Provided records:
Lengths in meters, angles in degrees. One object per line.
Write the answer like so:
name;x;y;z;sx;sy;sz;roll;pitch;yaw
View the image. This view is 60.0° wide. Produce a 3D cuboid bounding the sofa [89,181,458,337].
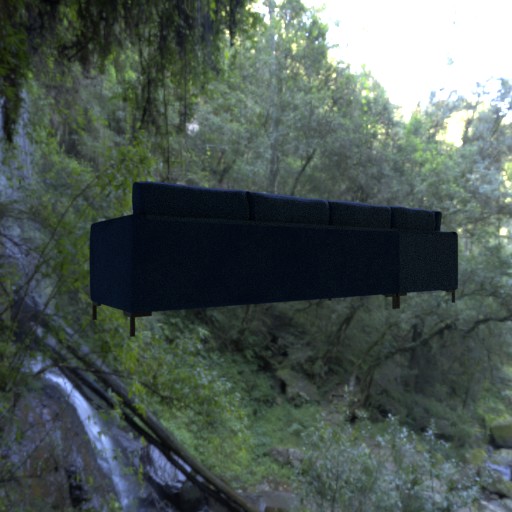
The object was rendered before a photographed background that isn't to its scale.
sofa;0.000;0.000;3.837;2.949;0.815;2.007;0;0;-35

What needs to be done:
From the line containing "Write the answer" through the final line of the records, write out each line exactly, and include no pictures.

Your response:
Write the answer like so:
name;x;y;z;sx;sy;sz;roll;pitch;yaw
View the image. This view is 60.0° wide. Produce a 3D cuboid bounding the sofa [89,181,458,337].
The object was rendered before a photographed background that isn't to its scale.
sofa;0.000;0.000;3.837;2.949;0.815;2.007;0;0;-35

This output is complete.